2018-08-26 16:15:02 INFO  DAGScheduler:54 - ResultStage 0 (parquet at ReadDb2HDFS.scala:288) failed in 1008.933 s due to Job aborted due to stage failure: Task 0 in stage 0.0 failed 4 times, most recent failure: Lost task 0.3 in stage 0.0 (TID 3, master, executor 4): ExecutorLostFailure (executor 4 exited caused by one of the running tasks) Reason: Executor heartbeat timed out after 130349 ms
Driver stacktrace:
2018-08-26 16:15:02 INFO  DAGScheduler:54 - Job 0 failed: parquet at ReadDb2HDFS.scala:288, took 1008.977605 s
2018-08-26 16:15:02 ERROR FileFormatWriter:91 - Aborting job null.
org.apache.spark.SparkException: Job aborted due to stage failure: Task 0 in stage 0.0 failed 4 times, most recent failure: Lost task 0.3 in stage 0.0 (TID 3, master, executor 4): ExecutorLostFailure (executor 4 exited caused by one of the running tasks) Reason: Executor heartbeat timed out after 130349 ms
Driver stacktrace:
    at org.apache.spark.scheduler.DAGScheduler.org$apache$spark$scheduler$DAGScheduler$$failJobAndIndependentStages(DAGScheduler.scala:1599)
    at org.apache.spark.scheduler.DAGScheduler$$anonfun$abortStage$1.apply(DAGScheduler.scala:1587)
    at org.apache.spark.scheduler.DAGScheduler$$anonfun$abortStage$1.apply(DAGScheduler.scala:1586)
    at scala.collection.mutable.ResizableArray$class.foreach(ResizableArray.scala:59)
    at scala.collection.mutable.ArrayBuffer.foreach(ArrayBuffer.scala:48)
    at org.apache.spark.scheduler.DAGScheduler.abortStage(DAGScheduler.scala:1586)
    at org.apache.spark.scheduler.DAGScheduler$$anonfun$handleTaskSetFailed$1.apply(DAGScheduler.scala:831)
    at org.apache.spark.scheduler.DAGScheduler$$anonfun$handleTaskSetFailed$1.apply(DAGScheduler.scala:831)
    at scala.Option.foreach(Option.scala:257)
    at org.apache.spark.scheduler.DAGScheduler.handleTaskSetFailed(DAGScheduler.scala:831)

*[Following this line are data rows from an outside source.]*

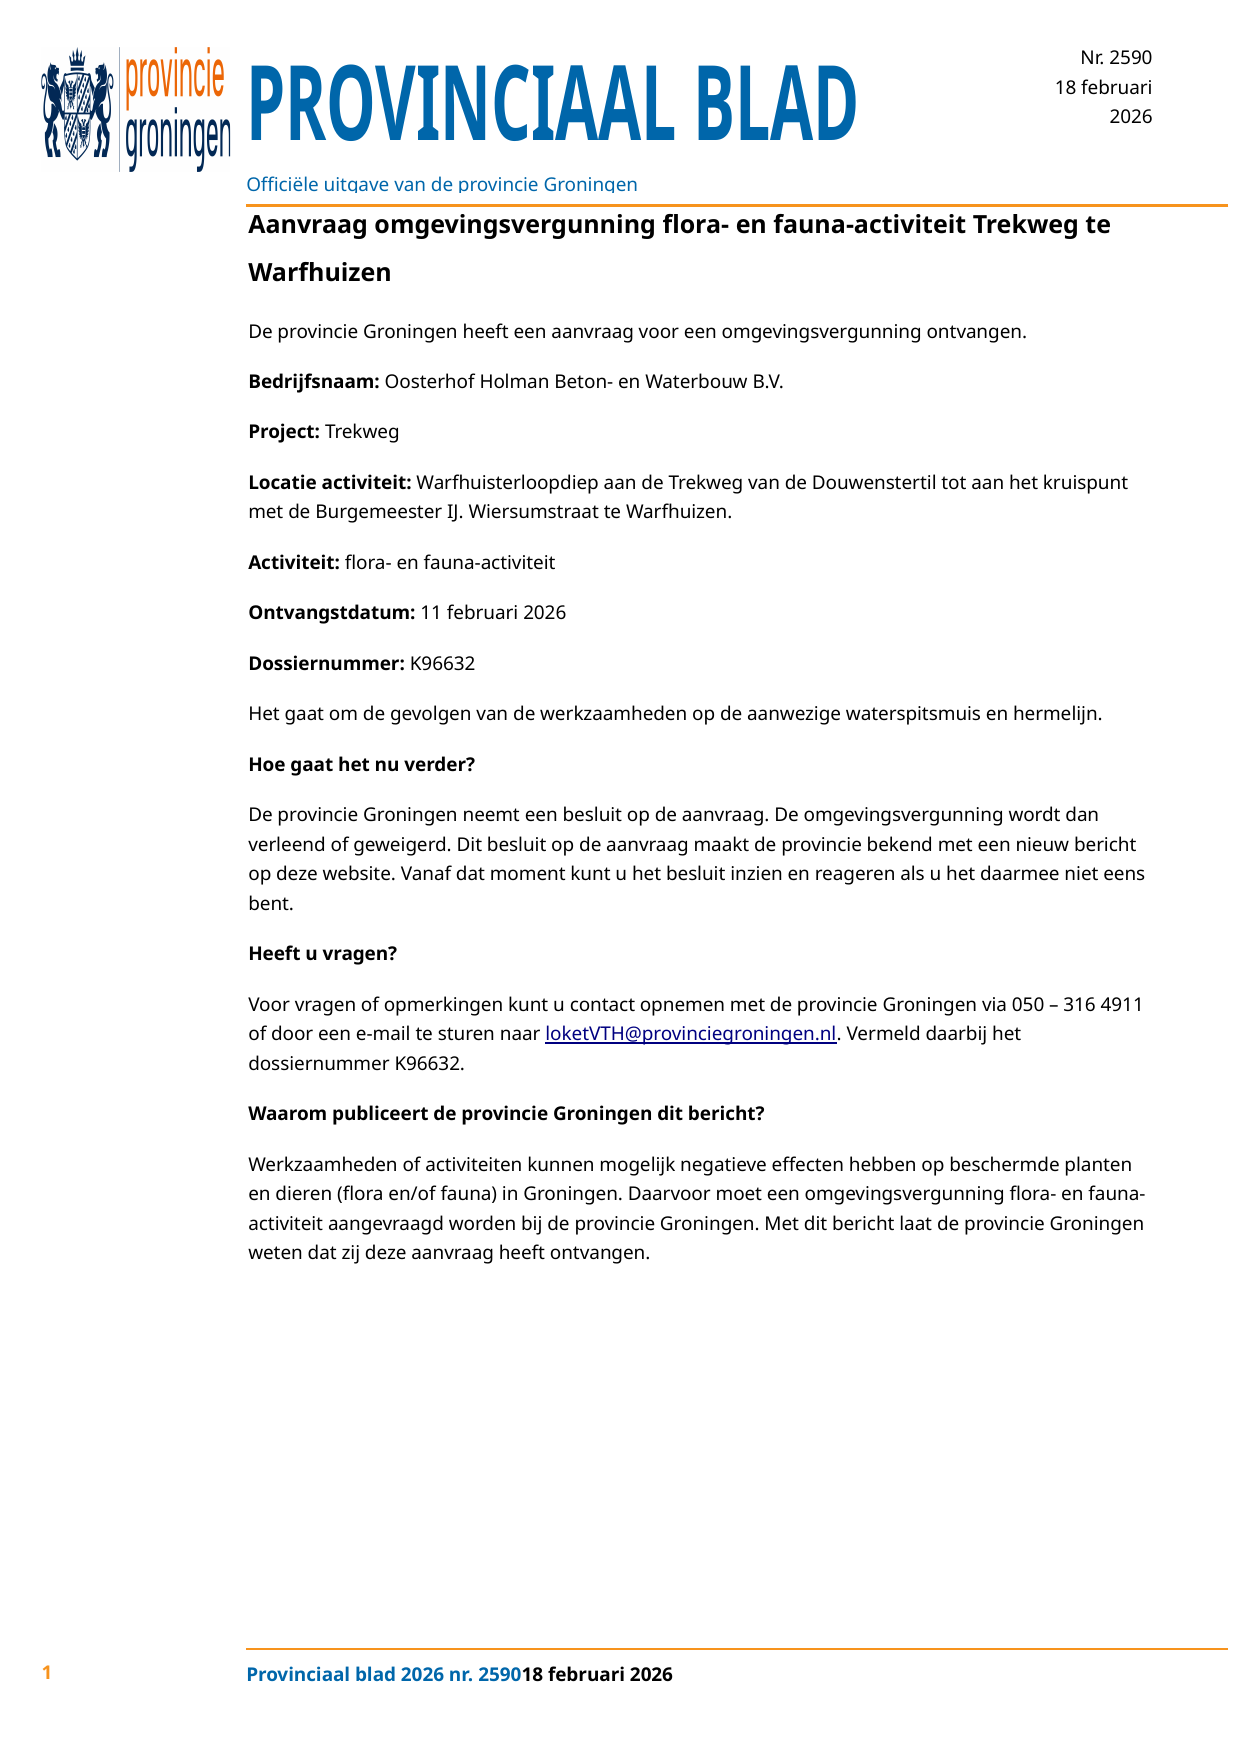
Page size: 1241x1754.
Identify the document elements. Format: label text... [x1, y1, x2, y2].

text Heeft u vragen? [248, 940, 1152, 966]
picture [41, 47, 231, 172]
text Voor vragen of opmerkingen kunt u contact opnemen met de provincie Groningen via 050 – 316 4911 of door een e-mail te sturen naar loketVTH@provinciegroningen.nl. Vermeld daarbij het dossiernummer K96632. [248, 991, 1152, 1076]
text Aanvraag omgevingsvergunning flora- en fauna-activiteit Trekweg te Warfhuizen [248, 207, 1152, 288]
text Dossiernummer: K96632 [248, 650, 1152, 676]
text Het gaat om de gevolgen van de werkzaamheden op de aanwezige waterspitsmuis en hermelijn. [248, 700, 1152, 726]
text Hoe gaat het nu verder? [248, 751, 1152, 777]
text Bedrijfsnaam: Oosterhof Holman Beton- en Waterbouw B.V. [248, 368, 1152, 394]
text Project: Trekweg [248, 419, 1152, 444]
text Locatie activiteit: Warfhuisterloopdiep aan de Trekweg van de Douwenstertil tot aan het kruispunt met de Burgemeester IJ. Wiersumstraat te Warfhuizen. [248, 469, 1152, 524]
text Waarom publiceert de provincie Groningen dit bericht? [248, 1100, 1152, 1126]
text De provincie Groningen neemt een besluit op de aanvraag. De omgevingsvergunning wordt dan verleend of geweigerd. Dit besluit op de aanvraag maakt de provincie bekend met een nieuw bericht op deze website. Vanaf dat moment kunt u het besluit inzien en reageren als u het daarmee niet eens bent. [248, 801, 1152, 916]
text Werkzaamheden of activiteiten kunnen mogelijk negatieve effecten hebben op beschermde planten en dieren (flora en/of fauna) in Groningen. Daarvoor moet een omgevingsvergunning flora- en fauna-activiteit aangevraagd worden bij de provincie Groningen. Met dit bericht laat de provincie Groningen weten dat zij deze aanvraag heeft ontvangen. [248, 1151, 1152, 1265]
text De provincie Groningen heeft een aanvraag voor een omgevingsvergunning ontvangen. [248, 318, 1152, 344]
text Activiteit: flora- en fauna-activiteit [248, 549, 1152, 575]
text Ontvangstdatum: 11 februari 2026 [248, 599, 1152, 625]
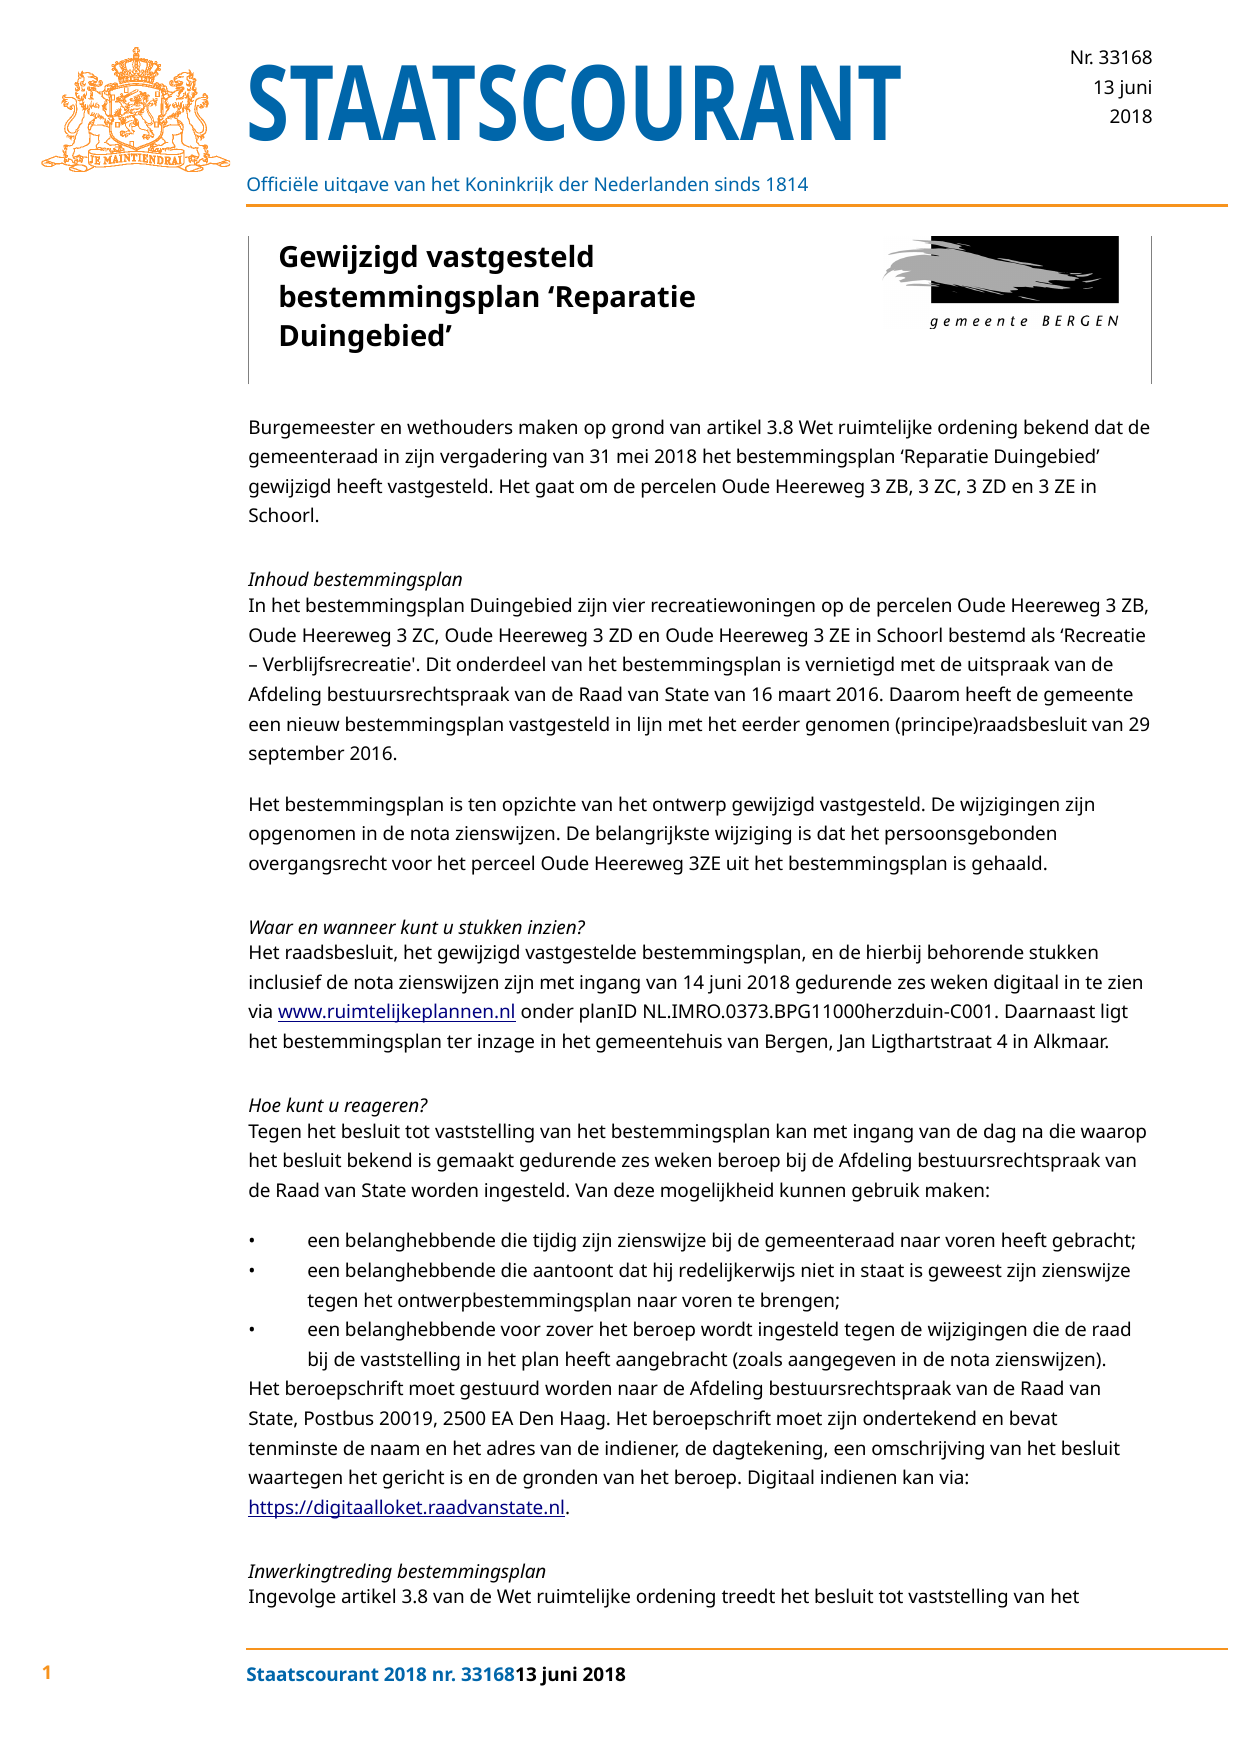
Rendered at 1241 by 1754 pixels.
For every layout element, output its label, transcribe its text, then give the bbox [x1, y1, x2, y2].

list een belanghebbende die aantoont dat hij redelijkerwijs niet in staat is geweest zijn zienswijze tegen het ontwerpbestemmingsplan naar voren te brengen; [248, 1257, 1152, 1312]
picture [41, 47, 231, 172]
text Hoe kunt u reageren? [248, 1092, 1152, 1118]
text Tegen het besluit tot vaststelling van het bestemmingsplan kan met ingang van de dag na die waarop het besluit bekend is gemaakt gedurende zes weken beroep bij de Afdeling bestuursrechtspraak van de Raad van State worden ingesteld. Van deze mogelijkheid kunnen gebruik maken: [248, 1118, 1152, 1203]
text Inwerkingtreding bestemmingsplan [248, 1558, 1152, 1583]
list een belanghebbende voor zover het beroep wordt ingesteld tegen de wijzigingen die de raad bij de vaststelling in het plan heeft aangebracht (zoals aangegeven in de nota zienswijzen). [248, 1316, 1152, 1372]
text Het beroepschrift moet gestuurd worden naar de Afdeling bestuursrechtspraak van de Raad van State, Postbus 20019, 2500 EA Den Haag. Het beroepschrift moet zijn ondertekend en bevat tenminste de naam en het adres van de indiener, de dagtekening, een omschrijving van het besluit waartegen het gericht is en de gronden van het beroep. Digitaal indienen kan via: https://digitaalloket.raadvanstate.nl. [248, 1376, 1152, 1519]
table_header Gewijzigd vastgesteld bestemmingsplan ‘Reparatie Duingebied’ [249, 236, 850, 384]
text Inhoud bestemmingsplan [248, 567, 1152, 592]
text Ingevolge artikel 3.8 van de Wet ruimtelijke ordening treedt het besluit tot vaststelling van het [248, 1583, 1152, 1609]
text Burgemeester en wethouders maken op grond van artikel 3.8 Wet ruimtelijke ordening bekend dat de gemeenteraad in zijn vergadering van 31 mei 2018 het bestemmingsplan ‘Reparatie Duingebied’ gewijzigd heeft vastgesteld. Het gaat om de percelen Oude Heereweg 3 ZB, 3 ZC, 3 ZD en 3 ZE in Schoorl. [248, 414, 1152, 528]
text Waar en wanneer kunt u stukken inzien? [248, 914, 1152, 939]
list een belanghebbende die tijdig zijn zienswijze bij de gemeenteraad naar voren heeft gebracht; [248, 1228, 1152, 1253]
text Het bestemmingsplan is ten opzichte van het ontwerp gewijzigd vastgesteld. De wijzigingen zijn opgenomen in de nota zienswijzen. De belangrijkste wijziging is dat het persoonsgebonden overgangsrecht voor het perceel Oude Heereweg 3ZE uit het bestemmingsplan is gehaald. [248, 791, 1152, 876]
text Het raadsbesluit, het gewijzigd vastgestelde bestemmingsplan, en de hierbij behorende stukken inclusief de nota zienswijzen zijn met ingang van 14 juni 2018 gedurende zes weken digitaal in te zien via www.ruimtelijkeplannen.nl onder planID NL.IMRO.0373.BPG11000herzduin‐C001. Daarnaast ligt het bestemmingsplan ter inzage in het gemeentehuis van Bergen, Jan Ligthartstraat 4 in Alkmaar. [248, 939, 1152, 1054]
text In het bestemmingsplan Duingebied zijn vier recreatiewoningen op de percelen Oude Heereweg 3 ZB, Oude Heereweg 3 ZC, Oude Heereweg 3 ZD en Oude Heereweg 3 ZE in Schoorl bestemd als ‘Recreatie – Verblijfsrecreatie'. Dit onderdeel van het bestemmingsplan is vernietigd met de uitspraak van de Afdeling bestuursrechtspraak van de Raad van State van 16 maart 2016. Daarom heeft de gemeente een nieuw bestemmingsplan vastgesteld in lijn met het eerder genomen (principe)raadsbesluit van 29 september 2016. [248, 592, 1152, 766]
picture [882, 236, 1119, 329]
table_header [850, 236, 1151, 384]

    at org.apache.spark.scheduler.DAGSchedulerEventProcessLoop.doOnReceive(DAGScheduler.scala:1820)
    at org.apache.spark.scheduler.DAGSchedulerEventProcessLoop.onReceive(DAGScheduler.scala:1769)
    at org.apache.spark.scheduler.DAGSchedulerEventProcessLoop.onReceive(DAGScheduler.scala:1758)
    at org.apache.spark.util.EventLoop$$anon$1.run(EventLoop.scala:48)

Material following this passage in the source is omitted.